The ban would hit Harvard’s graduate schools hard, where international students make up much of the student body—approximately half at the Kennedy School and one-third at the Business School. This would also stop thousands of students from attending summer and fall classes.

Barbara R. Snyder, president of the Association of American Universities, described the DHS decision as “an unprecedented decision” and “a cruel and unwarranted disruption.” She warned that it ended up threatening “our country’s future—its leadership in science and innovation and its prosperity”.

Federal agencies suspend grants citing new priorities

Federal agencies have stepped up their funding cuts to Harvard University. Eight agencies have canceled approximately $450 million in grants. This adds to the $2.2 billion freeze from April.

The National Science Foundation (NSF) has ended 193 grants worth nearly $150 million. The Department of Defense has stopped 56 grants valued at $105 million. The biggest hit comes from the National Institutes of Health—the world’s largest public funder of biomedical research with its nearly $48 billion budget. They are cutting more than 600 grants worth about $2.2 billion over several years.

Termination letters state these grants “no longer effectuate agency priorities” or “no longer line up with current NSF priorities and/or programmatic goals”. The NSF has updated its list of deprioritized research areas to include environmental justice.

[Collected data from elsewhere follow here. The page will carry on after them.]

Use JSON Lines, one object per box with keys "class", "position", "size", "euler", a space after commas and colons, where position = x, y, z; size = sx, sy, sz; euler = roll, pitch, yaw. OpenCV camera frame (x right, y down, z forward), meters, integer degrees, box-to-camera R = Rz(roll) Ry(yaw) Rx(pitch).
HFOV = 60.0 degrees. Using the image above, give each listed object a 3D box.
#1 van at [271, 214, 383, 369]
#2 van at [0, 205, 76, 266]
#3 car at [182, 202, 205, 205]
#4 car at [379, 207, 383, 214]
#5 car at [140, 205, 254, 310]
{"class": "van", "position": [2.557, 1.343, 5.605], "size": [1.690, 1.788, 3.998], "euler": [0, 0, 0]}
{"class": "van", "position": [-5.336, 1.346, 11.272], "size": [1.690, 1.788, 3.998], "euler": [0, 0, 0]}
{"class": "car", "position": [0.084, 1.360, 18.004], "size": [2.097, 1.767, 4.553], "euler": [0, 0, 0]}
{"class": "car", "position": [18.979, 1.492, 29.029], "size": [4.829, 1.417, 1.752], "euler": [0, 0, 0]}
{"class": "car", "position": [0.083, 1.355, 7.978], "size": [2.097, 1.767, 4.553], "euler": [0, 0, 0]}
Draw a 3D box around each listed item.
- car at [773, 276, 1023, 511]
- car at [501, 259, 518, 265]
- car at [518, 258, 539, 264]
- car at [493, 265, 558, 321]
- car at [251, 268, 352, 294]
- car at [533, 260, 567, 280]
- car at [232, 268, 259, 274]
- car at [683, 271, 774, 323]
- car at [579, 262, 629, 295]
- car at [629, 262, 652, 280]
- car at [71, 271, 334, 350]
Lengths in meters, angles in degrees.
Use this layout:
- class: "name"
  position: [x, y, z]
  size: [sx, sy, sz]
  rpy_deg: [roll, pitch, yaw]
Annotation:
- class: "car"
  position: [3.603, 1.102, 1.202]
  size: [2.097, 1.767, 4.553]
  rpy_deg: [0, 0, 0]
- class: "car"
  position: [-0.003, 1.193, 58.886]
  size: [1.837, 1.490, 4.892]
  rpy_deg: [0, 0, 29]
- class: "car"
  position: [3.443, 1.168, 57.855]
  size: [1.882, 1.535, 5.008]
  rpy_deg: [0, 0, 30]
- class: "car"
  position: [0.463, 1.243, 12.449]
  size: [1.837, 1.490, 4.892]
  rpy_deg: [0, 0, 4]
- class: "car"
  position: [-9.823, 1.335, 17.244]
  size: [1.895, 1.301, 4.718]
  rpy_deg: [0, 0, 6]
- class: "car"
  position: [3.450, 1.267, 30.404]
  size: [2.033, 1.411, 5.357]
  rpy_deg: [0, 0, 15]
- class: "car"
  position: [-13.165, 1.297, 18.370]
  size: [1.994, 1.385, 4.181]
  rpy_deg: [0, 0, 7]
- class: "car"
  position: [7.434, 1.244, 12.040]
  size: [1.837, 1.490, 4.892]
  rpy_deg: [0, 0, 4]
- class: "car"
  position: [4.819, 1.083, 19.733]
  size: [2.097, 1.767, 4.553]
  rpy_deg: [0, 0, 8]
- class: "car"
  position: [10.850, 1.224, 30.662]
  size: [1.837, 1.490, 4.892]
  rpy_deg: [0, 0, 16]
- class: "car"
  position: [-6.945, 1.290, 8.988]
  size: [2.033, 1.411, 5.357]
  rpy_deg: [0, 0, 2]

A $20 million quantum materials center

The cuts have hit Harvard T.H. Chan School of Public Health the hardest. The school depends on federal government funding for 59% of its budget—more than any other Harvard school. Other schools’ outside funding looks different:

  • Harvard Medical School: 35%
  • Graduate School of Education: 22%
  • Kennedy School of Government: 16%
  • Harvard Law School: 3%

These cuts threaten vital research projects in many fields:

  • Walter Willett’s forty-year study linking diet to heart disease and cancer
  • Sarah Fortune’s tuberculosis prevention research
  • Marc Weisskopf’s research on high ALS rates in military veterans, spanning 20 years

The cuts also affect quantum physics research—a stated priority of the Trump administration. A $20 million quantum materials center grant was canceled along with several multimillion-dollar quantum computing grants.

Harvard has stepped in with $250 million of its own funds to support affected research temporarily. University officials admit this won’t cover all the losses. Harvard’s President Alan Garber will take a 25% pay cut next fiscal year.

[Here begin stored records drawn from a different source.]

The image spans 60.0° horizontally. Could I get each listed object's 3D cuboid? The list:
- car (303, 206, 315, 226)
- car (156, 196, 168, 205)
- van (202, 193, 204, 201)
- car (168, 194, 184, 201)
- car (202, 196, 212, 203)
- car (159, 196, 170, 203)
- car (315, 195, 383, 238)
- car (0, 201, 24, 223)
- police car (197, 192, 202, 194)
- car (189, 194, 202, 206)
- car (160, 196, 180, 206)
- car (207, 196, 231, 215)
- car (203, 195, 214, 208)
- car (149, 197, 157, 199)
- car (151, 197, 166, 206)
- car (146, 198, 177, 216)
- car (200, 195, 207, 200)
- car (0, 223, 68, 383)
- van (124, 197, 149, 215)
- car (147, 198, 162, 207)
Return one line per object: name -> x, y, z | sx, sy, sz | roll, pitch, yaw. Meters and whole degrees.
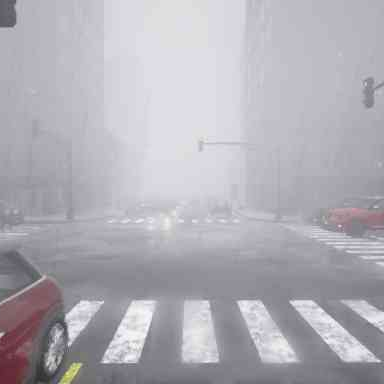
car -> 9.848, 1.229, 20.698 | 5.566, 2.045, 2.150 | 0, 0, 0
car -> -5.559, 1.526, 61.603 | 1.752, 1.417, 4.829 | 0, 0, 0
van -> 2.939, 1.343, 56.068 | 1.690, 1.788, 3.998 | 0, 0, 0
car -> -2.829, 1.550, 53.879 | 2.033, 1.411, 5.357 | 0, 0, 1
car -> 2.996, 1.551, 67.407 | 2.008, 1.369, 4.403 | 0, 0, 0
car -> -5.530, 1.566, 67.441 | 1.947, 1.339, 4.313 | 0, 0, 0
car -> 9.713, 1.234, 17.343 | 5.566, 2.045, 2.150 | 0, 0, -3
car -> -13.018, 1.323, 20.587 | 4.553, 1.767, 2.097 | 0, 0, 0
police car -> 2.754, 1.420, 79.498 | 1.930, 1.638, 5.238 | 0, 0, 0
car -> 0.372, 1.550, 56.141 | 2.033, 1.411, 5.357 | 0, 0, 2
car -> -2.890, 1.603, 43.189 | 1.895, 1.301, 4.718 | 0, 0, 1
car -> 2.828, 1.442, 33.392 | 1.967, 1.590, 4.097 | 0, 0, 0
car -> 2.883, 1.443, 44.730 | 1.967, 1.590, 4.097 | 0, 0, 0
car -> -5.670, 1.442, 39.100 | 1.967, 1.590, 4.097 | 0, 0, 0
car -> -5.586, 1.568, 56.105 | 1.947, 1.339, 4.313 | 0, 0, 0
car -> -2.940, 1.602, 33.206 | 1.895, 1.301, 4.718 | 0, 0, 3
car -> 3.108, 1.557, 90.084 | 1.947, 1.339, 4.313 | 0, 0, 0
car -> -2.751, 1.352, 2.426 | 2.097, 1.767, 4.553 | 0, 0, 3
van -> -5.698, 1.343, 33.431 | 1.690, 1.788, 3.998 | 0, 0, 0
car -> -5.614, 1.584, 50.436 | 1.802, 1.307, 4.206 | 0, 0, 0

Universities in Europe and China are already trying to recruit Harvard researchers. This raises concerns about America’s future scientific leadership.

The Far-Reaching Implications of Harvard’s Funding Battle

The Trump administration’s unprecedented face-off with Harvard University shows a dramatic change in federal education funding priorities. Of course, moving $3 billion from Harvard to trade schools means more than just shuffling money around – it marks a fundamental change in how America invests in academics.

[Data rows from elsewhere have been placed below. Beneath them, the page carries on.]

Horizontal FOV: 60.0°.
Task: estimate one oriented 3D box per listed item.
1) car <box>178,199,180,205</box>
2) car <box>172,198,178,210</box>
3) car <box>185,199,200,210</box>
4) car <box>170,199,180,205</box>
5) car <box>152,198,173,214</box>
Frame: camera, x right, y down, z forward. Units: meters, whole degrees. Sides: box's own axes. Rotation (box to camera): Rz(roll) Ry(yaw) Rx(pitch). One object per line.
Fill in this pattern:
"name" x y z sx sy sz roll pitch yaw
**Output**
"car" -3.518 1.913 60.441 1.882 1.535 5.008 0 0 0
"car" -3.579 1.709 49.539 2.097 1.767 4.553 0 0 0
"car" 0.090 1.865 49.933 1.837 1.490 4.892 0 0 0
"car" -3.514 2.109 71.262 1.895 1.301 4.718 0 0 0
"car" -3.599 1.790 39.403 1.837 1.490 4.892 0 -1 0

Harvard fights back through legal challenges against the funding freeze and international student ban to protect its academic freedom. These actions have already disrupted the most important research projects from tuberculosis treatment to quantum physics.

Researchers face tough choices now. Harvard’s brightest scientific minds have started taking positions in other countries, which raises serious questions about America’s ability to compete scientifically. Harvard’s laudable $250 million allocation tries to keep affected programs running, but this money is nowhere near enough to replace the billions in frozen federal grants.

American higher education and research

This controversy points to bigger questions about federal research priorities and institutional independence. Trade schools play a vital role in our educational system. The sudden end to ongoing scientific research—particularly studies that directly affect public health—could create knowledge gaps that might take decades to fill.

The ongoing situation forces us to think over what these funding decisions mean for Harvard and American higher education and research. The precedent set by this confrontation could alter the map of federal research funding distribution for years ahead.